Use parameters in a command job

Completed

You can increase the flexibility of your scripts by using parameters. For example, you might have created a script that trains a machine learning model. You can use the same script to train a model on different datasets, or using various hyperparameter values.

Working with script arguments

To use parameters in a script, you must use a library such as argparse to read arguments passed to the script and assign them to variables.

For example, the following script reads an arguments named training_data, which specifies the path to the training data.

# import libraries
import argparse
import pandas as pd
from sklearn.linear_model import LogisticRegression

def main(args):
    # read data
    df = get_data(args.training_data)

# function that reads the data
def get_data(path):
    df = pd.read_csv(path)
    
    return df

def parse_args():
    # setup arg parser
    parser = argparse.ArgumentParser()

    # add arguments
    parser.add_argument("--training_data", dest='training_data',
                        type=str)

    # parse args
    args = parser.parse_args()

    # return args
    return args

# run script
if __name__ == "__main__":

    # parse args
    args = parse_args()

    # run main function
    main(args)

Any parameters you expect should be defined in the script. In the script, you can specify what type of value you expect for each parameter and whether you want to set a default value.

Passing arguments to a script

To pass parameter values to a script, you need to provide the argument value in the command.

For example, if you would pass a parameter value when running a script in a terminal, you would use the following command:

python train.py --training_data diabetes.csv

In the example, diabetes.csv is a local file. Alternatively, you could specify the path to a data asset created in the Azure Machine Learning workspace.

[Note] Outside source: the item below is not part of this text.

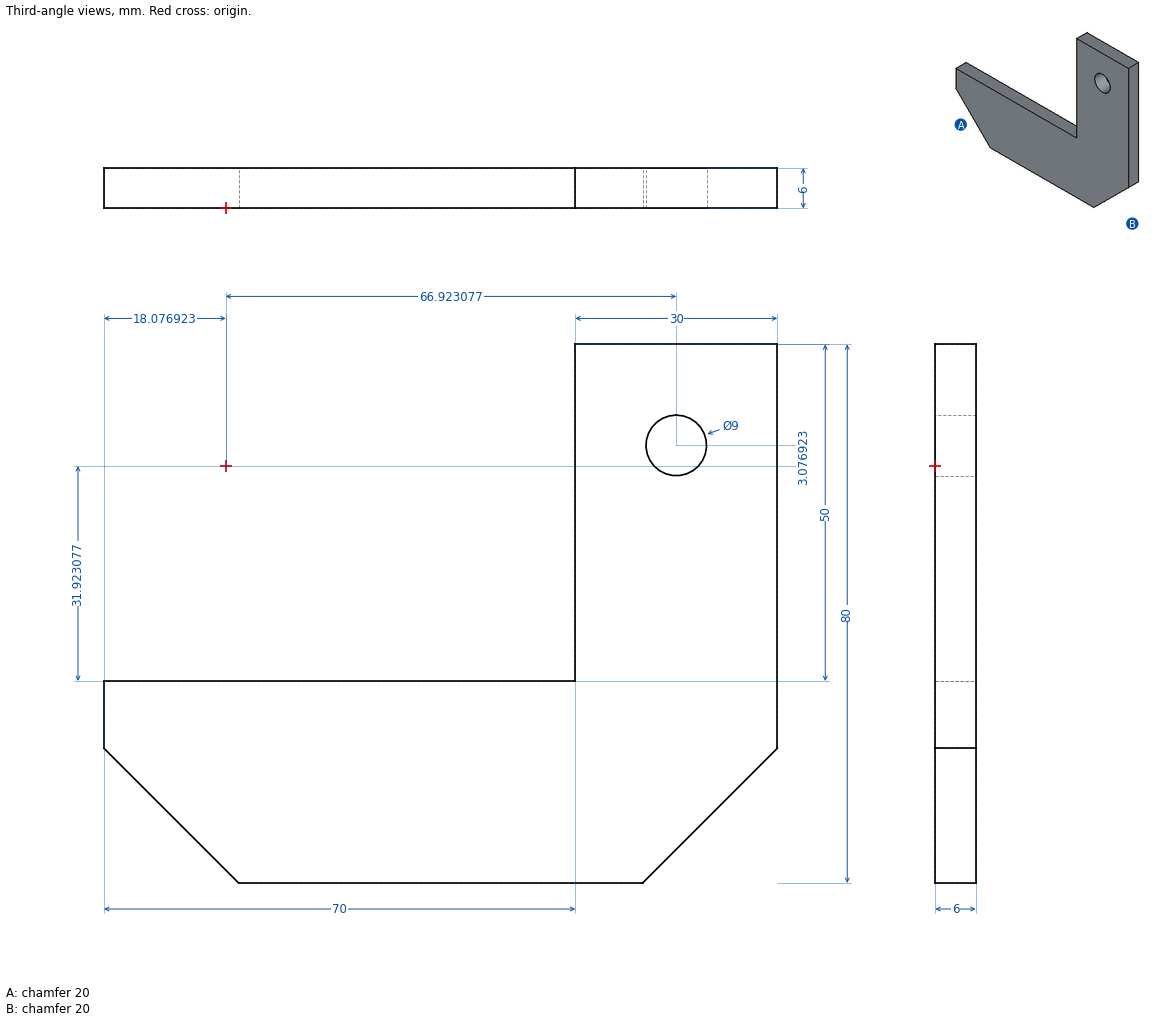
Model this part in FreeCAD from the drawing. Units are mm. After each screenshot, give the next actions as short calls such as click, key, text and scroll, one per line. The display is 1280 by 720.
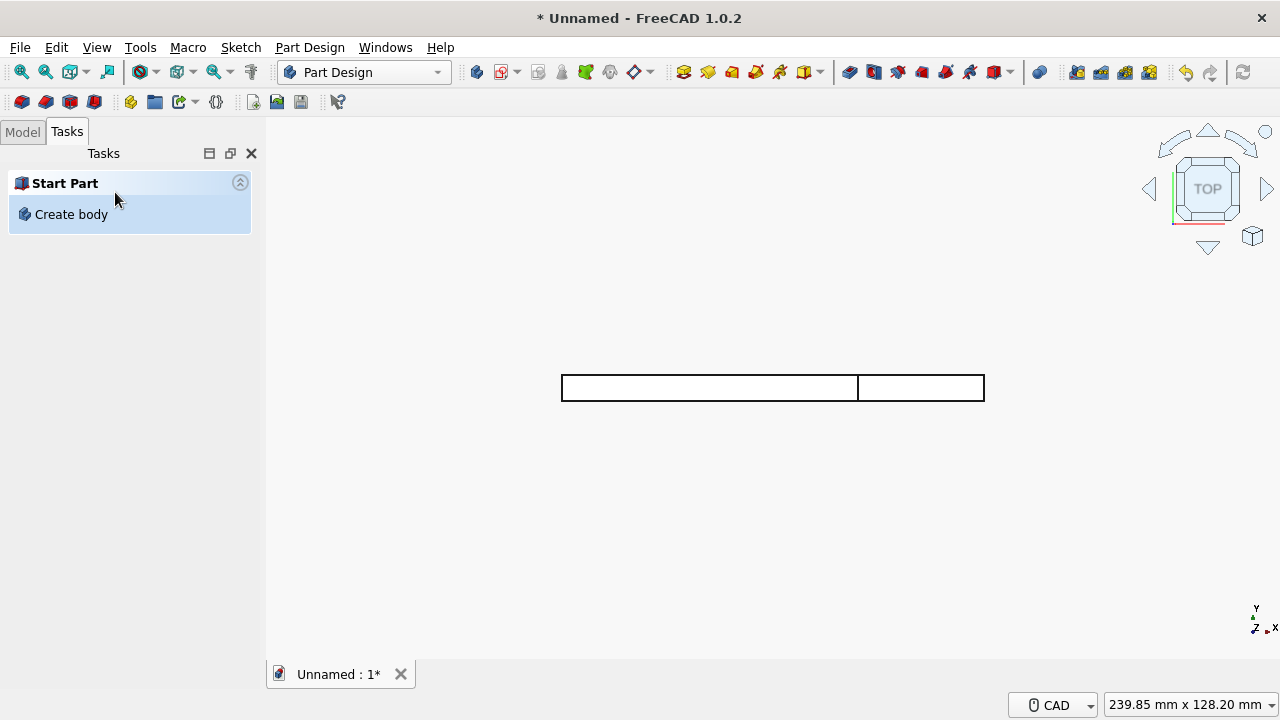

Similarly, when you want to pass a parameter value to a script you want to run as a command job, you'll specify the values in the command:

from azure.ai.ml import command

# configure job
job = command(
    code="./src",
    command="python train.py --training_data diabetes.csv",
    environment="AzureML-sklearn-0.24-ubuntu18.04-py37-cpu@latest",
    compute="aml-cluster",
    display_name="train-model",
    experiment_name="train-classification-model"
    )

After submitting a command job, you can review the input and output parameters you specified.